Когда он вернулся, мы продолжали говорить уже на другие темы. Один из собеседников знал, что у меня вышла книжка «Первый украинский» про «оранжевую революцию», и спросил, с кем, как мне кажется, на Украине сейчас можно иметь дело. Я искренне ответил, что, как мне кажется, ни с кем.
Господин Путин слушал, мне казалось, бесконечно рассеянно. Тогда я уже сам спросил его о том, что меня, собственно говоря, и интересовало:
— А вы с преемником-то определились?
— В принципе да, — кивнул он. — Да ведь тут особых проблем нет. Но надо, конечно, еще посмотреть. Два, кажется, кандидата есть? Я точно не помню.
Он посмотрел на своего помощника. Тот кивнул.
— Правда, оба мне пока не кажутся стопроцентным вариантом.
Я слушал очень внимательно. Так внимательно, как я слушал сейчас, я не слушал, кажется, никогда.
— Да разберемся, — добавил президент. — Край непростой, конечно. Но это не главная сейчас проблема.

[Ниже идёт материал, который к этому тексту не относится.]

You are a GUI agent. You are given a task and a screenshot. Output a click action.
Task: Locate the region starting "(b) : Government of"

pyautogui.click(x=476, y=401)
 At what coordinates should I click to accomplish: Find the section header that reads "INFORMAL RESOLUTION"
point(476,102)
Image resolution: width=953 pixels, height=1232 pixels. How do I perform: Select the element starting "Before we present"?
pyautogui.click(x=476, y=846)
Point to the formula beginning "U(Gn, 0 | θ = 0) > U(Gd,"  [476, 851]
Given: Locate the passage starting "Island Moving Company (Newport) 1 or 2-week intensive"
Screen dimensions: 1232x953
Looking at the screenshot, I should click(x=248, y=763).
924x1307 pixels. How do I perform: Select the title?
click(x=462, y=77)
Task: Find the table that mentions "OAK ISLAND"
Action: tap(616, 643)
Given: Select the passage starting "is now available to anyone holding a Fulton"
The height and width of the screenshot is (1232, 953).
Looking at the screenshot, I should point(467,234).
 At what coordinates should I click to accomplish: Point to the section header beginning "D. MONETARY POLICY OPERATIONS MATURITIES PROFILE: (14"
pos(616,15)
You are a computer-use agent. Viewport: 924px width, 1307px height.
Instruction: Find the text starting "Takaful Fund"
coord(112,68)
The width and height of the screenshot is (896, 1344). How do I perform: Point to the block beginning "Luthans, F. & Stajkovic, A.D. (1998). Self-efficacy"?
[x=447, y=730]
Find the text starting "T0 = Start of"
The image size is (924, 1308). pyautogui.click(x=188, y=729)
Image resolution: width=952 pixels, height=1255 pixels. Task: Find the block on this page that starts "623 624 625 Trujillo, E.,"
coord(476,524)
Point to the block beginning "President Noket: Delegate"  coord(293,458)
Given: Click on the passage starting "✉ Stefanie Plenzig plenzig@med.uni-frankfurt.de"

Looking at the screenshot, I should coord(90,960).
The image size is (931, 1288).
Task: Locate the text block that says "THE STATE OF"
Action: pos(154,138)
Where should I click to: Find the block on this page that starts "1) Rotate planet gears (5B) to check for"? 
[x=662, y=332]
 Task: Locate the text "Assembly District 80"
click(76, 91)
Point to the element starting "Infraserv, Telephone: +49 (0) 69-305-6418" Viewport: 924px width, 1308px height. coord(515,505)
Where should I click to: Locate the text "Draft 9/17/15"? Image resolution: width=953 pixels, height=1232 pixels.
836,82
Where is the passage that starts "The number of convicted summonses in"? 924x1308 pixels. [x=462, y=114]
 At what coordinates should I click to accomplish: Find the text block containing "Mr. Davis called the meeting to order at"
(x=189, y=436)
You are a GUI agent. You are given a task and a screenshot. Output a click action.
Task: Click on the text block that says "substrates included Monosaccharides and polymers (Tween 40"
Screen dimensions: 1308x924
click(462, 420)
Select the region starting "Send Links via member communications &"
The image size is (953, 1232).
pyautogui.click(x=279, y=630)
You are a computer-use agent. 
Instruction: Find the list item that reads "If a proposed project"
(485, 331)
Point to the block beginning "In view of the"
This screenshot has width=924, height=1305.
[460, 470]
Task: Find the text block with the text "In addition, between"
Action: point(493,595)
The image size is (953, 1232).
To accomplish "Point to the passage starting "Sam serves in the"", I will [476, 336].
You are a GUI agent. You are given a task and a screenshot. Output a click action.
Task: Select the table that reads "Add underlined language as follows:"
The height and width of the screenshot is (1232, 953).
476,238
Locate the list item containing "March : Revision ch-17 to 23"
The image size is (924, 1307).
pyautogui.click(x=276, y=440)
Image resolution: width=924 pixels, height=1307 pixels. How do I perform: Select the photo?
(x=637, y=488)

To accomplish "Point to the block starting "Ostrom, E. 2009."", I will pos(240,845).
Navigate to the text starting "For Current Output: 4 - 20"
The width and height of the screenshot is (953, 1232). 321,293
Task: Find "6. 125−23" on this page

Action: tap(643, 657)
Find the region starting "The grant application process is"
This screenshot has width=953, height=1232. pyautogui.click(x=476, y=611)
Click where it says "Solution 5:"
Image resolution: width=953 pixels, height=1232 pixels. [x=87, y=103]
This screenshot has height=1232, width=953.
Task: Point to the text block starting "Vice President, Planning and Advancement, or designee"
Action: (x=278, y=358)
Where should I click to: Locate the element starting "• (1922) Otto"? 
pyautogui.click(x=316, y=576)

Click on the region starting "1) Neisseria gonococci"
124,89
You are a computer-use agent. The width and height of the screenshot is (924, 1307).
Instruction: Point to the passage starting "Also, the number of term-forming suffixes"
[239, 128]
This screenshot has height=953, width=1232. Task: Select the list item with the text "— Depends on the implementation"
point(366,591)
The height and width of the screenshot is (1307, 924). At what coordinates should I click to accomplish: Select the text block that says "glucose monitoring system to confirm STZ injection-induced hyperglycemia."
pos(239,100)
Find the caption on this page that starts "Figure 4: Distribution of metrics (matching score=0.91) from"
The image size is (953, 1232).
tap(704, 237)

— Погодите! — не удержался я и перебил его: — Вы что, про Алтайский край сейчас говорили?
— Да, — удивился он. — А вы что подумали?
Я внимательно посмотрел на него. Я бы не сказал, что в уголках его глаз спряталась хитринка. И все-таки у меня было ощущение, что со мной сейчас поступают довольно безжалостно.
— Да нет, я про вашего преемника, — сказал я.
— А-а, — ответил он. — Про моего. Ну понятно.
— И что?
— А что?
— Определились?
— А почему вас это так интересует?
— Потому что это всех интересует. И вас, по-моему, это интересует не меньше, чем всех остальных. Потому что от этого кое-что зависит.
— Ну, — произнес он, — допустим, я определился.
— Тогда давайте вы нам скажете, — от всей души попросил я.
Я подумал, что можно еще добавить, что я никому больше не скажу. Я подумал, что могу сейчас пообещать что угодно.
— А вы считаете, что надо уходить? — поинтересовался он.
— Конечно, — искренне ответил я.
— Что, так не нравлюсь? — спросил он.
Я должен был что-то ответить. И я бы, наверное, ответил. Но он решил снять это неожиданное напряжение. В конце концов, мы просто сидели и ужинали.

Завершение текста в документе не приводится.